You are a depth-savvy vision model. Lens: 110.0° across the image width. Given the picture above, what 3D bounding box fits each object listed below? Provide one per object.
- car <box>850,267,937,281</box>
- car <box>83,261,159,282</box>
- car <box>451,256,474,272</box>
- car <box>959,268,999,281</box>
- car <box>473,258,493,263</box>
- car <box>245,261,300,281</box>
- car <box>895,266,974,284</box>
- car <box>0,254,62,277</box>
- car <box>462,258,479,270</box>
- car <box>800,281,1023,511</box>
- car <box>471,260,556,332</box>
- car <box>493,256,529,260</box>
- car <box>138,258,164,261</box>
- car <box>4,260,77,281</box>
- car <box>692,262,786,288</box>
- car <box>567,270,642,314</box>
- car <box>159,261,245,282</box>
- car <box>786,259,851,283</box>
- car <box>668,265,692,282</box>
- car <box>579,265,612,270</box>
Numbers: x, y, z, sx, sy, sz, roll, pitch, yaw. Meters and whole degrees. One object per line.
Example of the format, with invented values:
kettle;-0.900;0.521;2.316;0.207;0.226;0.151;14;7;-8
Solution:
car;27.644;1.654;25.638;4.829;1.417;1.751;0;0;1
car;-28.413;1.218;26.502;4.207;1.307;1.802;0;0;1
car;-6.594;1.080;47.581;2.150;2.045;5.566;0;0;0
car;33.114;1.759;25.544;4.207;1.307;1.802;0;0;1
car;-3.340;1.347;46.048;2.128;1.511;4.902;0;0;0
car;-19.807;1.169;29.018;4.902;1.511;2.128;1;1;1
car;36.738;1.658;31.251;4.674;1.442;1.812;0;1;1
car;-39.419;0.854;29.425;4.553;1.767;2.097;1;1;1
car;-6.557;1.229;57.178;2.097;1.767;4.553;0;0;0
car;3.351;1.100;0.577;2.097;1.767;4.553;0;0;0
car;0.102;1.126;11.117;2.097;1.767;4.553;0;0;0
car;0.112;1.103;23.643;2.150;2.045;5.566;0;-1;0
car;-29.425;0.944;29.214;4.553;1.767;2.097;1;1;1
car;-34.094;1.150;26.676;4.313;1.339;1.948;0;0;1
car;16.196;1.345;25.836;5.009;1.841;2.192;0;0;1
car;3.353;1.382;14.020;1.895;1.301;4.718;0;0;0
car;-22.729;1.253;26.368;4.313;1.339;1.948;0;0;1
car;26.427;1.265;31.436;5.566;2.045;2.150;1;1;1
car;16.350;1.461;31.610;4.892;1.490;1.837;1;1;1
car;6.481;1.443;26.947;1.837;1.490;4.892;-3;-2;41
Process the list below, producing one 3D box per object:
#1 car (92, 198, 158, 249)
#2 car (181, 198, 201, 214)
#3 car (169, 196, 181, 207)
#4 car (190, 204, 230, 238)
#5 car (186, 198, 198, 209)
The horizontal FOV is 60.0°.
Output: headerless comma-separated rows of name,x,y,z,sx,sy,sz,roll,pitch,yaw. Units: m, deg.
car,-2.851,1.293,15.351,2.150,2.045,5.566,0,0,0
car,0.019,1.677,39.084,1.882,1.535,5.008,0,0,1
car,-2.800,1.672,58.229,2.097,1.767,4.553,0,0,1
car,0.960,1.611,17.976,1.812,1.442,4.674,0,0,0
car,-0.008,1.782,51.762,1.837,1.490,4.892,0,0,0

____________

## Action item
Everything from the line with "Example of the" through the line with "kettle;-0.900;0.521;2.316;0.207;0.226;0.151;14;7;-8" in the listing above must be retyped exactly, with nothing added.

## Answer space
Example of the format, with invented values:
kettle;-0.900;0.521;2.316;0.207;0.226;0.151;14;7;-8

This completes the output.